"""
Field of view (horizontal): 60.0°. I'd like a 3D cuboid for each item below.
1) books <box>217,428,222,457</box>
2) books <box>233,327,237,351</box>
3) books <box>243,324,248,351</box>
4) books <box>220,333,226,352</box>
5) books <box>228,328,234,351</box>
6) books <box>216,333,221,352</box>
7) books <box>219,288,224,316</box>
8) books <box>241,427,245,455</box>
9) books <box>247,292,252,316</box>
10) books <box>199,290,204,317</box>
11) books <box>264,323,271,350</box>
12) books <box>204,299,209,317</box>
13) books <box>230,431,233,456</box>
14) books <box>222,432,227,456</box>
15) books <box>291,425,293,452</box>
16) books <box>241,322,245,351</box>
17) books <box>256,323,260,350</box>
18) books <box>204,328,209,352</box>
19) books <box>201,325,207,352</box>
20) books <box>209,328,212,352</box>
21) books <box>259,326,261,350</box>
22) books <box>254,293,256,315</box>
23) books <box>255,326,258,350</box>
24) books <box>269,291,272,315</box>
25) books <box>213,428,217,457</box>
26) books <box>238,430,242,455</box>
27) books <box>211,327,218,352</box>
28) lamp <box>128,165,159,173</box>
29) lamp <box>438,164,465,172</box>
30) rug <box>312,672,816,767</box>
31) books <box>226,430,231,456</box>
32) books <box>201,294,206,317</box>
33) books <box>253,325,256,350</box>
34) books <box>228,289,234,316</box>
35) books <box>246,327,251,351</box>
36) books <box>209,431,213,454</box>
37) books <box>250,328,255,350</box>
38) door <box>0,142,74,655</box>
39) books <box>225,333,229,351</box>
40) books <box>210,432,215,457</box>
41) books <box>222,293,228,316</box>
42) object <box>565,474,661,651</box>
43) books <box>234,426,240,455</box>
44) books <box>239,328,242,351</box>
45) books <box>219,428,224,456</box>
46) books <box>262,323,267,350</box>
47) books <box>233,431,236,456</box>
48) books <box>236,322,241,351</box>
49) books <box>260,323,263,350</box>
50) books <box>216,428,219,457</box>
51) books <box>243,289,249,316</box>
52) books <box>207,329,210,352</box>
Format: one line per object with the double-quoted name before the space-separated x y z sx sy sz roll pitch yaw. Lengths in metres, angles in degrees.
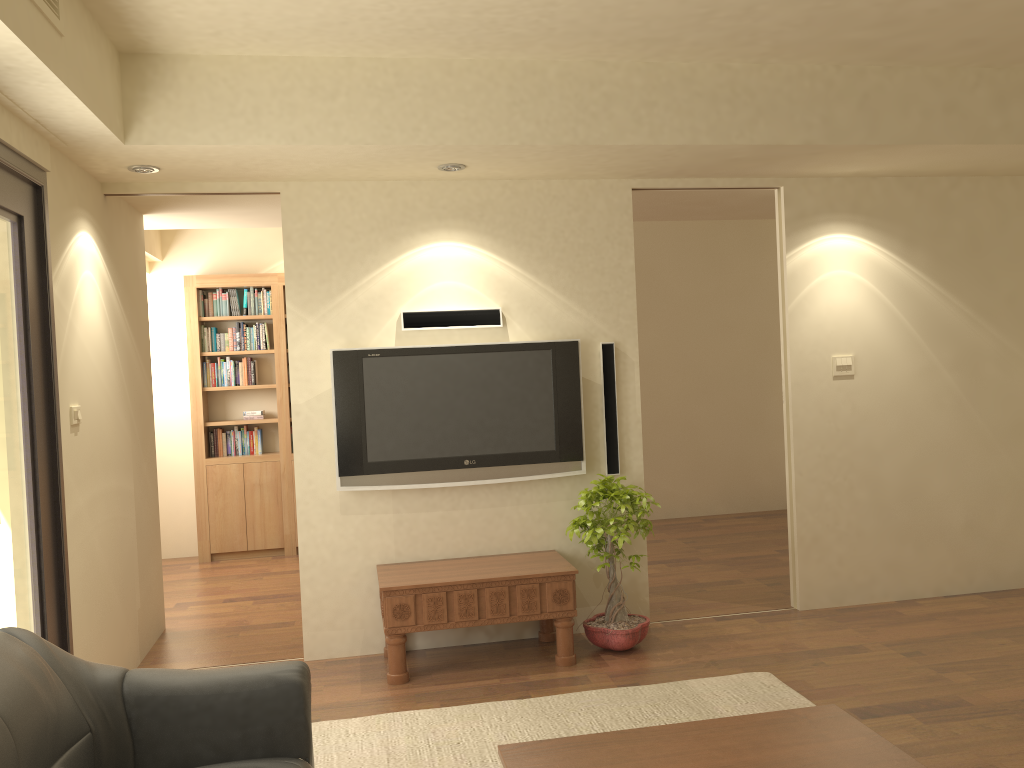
"books" -2.559 0.508 7.782 0.016 0.243 0.158 -3 1 -10
"books" -2.416 -0.387 7.761 0.026 0.211 0.156 -3 1 -10
"books" -2.332 -0.405 7.785 0.026 0.237 0.139 -3 1 -10
"books" -2.523 -0.359 7.766 0.036 0.165 0.111 -3 1 -10
"books" -2.447 -0.383 7.753 0.036 0.206 0.162 -3 1 -10
"books" -2.559 -0.358 7.759 0.036 0.165 0.111 -3 1 -10
"books" -2.524 -0.705 7.729 0.019 0.255 0.145 -3 1 -10
"books" -2.365 0.501 7.827 0.026 0.237 0.139 -3 1 -10
"books" -2.292 -0.695 7.766 0.026 0.211 0.156 -3 1 -10
"books" -2.690 -0.688 7.694 0.026 0.237 0.156 -3 1 -10
"books" -2.152 -0.416 7.813 0.035 0.242 0.148 -3 1 -10
"books" -2.650 -0.654 7.725 0.036 0.165 0.111 -3 1 -10
"books" -2.458 0.517 7.796 0.013 0.215 0.168 -3 1 -10
"books" -2.518 0.526 7.795 0.032 0.202 0.150 -3 1 -10
"books" -1.937 0.481 7.846 0.017 0.235 0.157 -3 1 -10
"books" -2.356 -0.413 7.777 0.019 0.255 0.145 -3 1 -10
"books" -2.225 -0.413 7.795 0.016 0.243 0.158 -3 1 -10
"books" -2.649 -0.378 7.714 0.026 0.215 0.167 -3 1 -10
"books" -2.677 -0.387 7.714 0.026 0.237 0.156 -3 1 -10
"books" -2.616 -0.379 7.719 0.013 0.215 0.168 -3 1 -10
"books" -2.213 -0.400 7.813 0.011 0.215 0.127 -3 1 -10
"books" -2.247 -0.692 7.781 0.011 0.200 0.143 -3 1 -10
"books" -2.237 -0.398 7.788 0.009 0.215 0.168 -3 1 -10
"books" -2.106 -0.706 7.795 0.026 0.215 0.167 -3 1 -10
"books" -2.592 0.510 7.780 0.019 0.242 0.152 -3 1 -10
"books" -2.389 0.516 7.815 0.026 0.211 0.156 -3 1 -10
"books" -2.596 -0.382 7.745 0.036 0.218 0.124 -3 1 -10
"lamp" -1.801 -1.068 4.331 0.143 0.059 0.143 -3 1 -5
"lamp" -0.315 -1.142 4.601 0.143 0.059 0.143 -3 1 -5
"rug" 0.360 1.493 2.384 2.482 0.011 3.592 -3 1 -10
"books" -2.486 0.517 7.813 0.036 0.218 0.124 -3 1 -10
"books" -2.670 -0.673 7.692 0.010 0.206 0.167 -3 1 -10
"books" -2.250 -0.402 7.786 0.014 0.224 0.168 -3 1 -10
"books" -2.442 -0.702 7.743 0.043 0.242 0.148 -3 1 -10
"books" -2.303 -0.391 7.779 0.026 0.207 0.163 -3 1 -10
"books" -2.636 0.526 7.785 0.011 0.215 0.127 -3 1 -10
"books" -2.275 -0.390 7.790 0.032 0.202 0.150 -3 1 -10
"door" -1.866 0.315 3.276 0.118 2.420 1.011 -3 1 -10
"books" -2.487 -0.361 7.772 0.036 0.165 0.111 -3 1 -10
"books" -2.613 0.529 7.771 0.026 0.207 0.163 -3 1 -10
"books" -2.492 -0.682 7.727 0.036 0.206 0.162 -3 1 -10
"object" 0.561 0.951 4.814 0.565 0.957 0.528 -2 1 32
"books" -2.416 0.495 7.810 0.026 0.254 0.154 -3 1 -10
"books" -2.371 -0.384 7.777 0.011 0.200 0.143 -3 1 -10
"books" -2.542 0.511 7.786 0.017 0.235 0.157 -3 1 -10
"books" -2.178 -0.415 7.807 0.019 0.242 0.152 -3 1 -10
"books" -2.432 0.516 7.801 0.009 0.215 0.168 -3 1 -10
"books" -2.390 -0.410 7.767 0.026 0.254 0.154 -3 1 -10
"books" -2.196 -0.410 7.801 0.017 0.235 0.157 -3 1 -10
"books" -2.576 0.509 7.785 0.015 0.242 0.148 -3 1 -10
"books" -2.329 -0.707 7.768 0.047 0.238 0.139 -3 1 -10
"books" -2.630 -0.372 7.721 0.011 0.202 0.158 -3 1 -10
"""
### TASK REQUIREMENTS
Write down exactly the span of lines above from the one containing "35) books <box>246,327,251,351</box>" to the one containing "44) books <box>239,328,242,351</box>", both ends included.

### PROBLEM SOLUTION
35) books <box>246,327,251,351</box>
36) books <box>209,431,213,454</box>
37) books <box>250,328,255,350</box>
38) door <box>0,142,74,655</box>
39) books <box>225,333,229,351</box>
40) books <box>210,432,215,457</box>
41) books <box>222,293,228,316</box>
42) object <box>565,474,661,651</box>
43) books <box>234,426,240,455</box>
44) books <box>239,328,242,351</box>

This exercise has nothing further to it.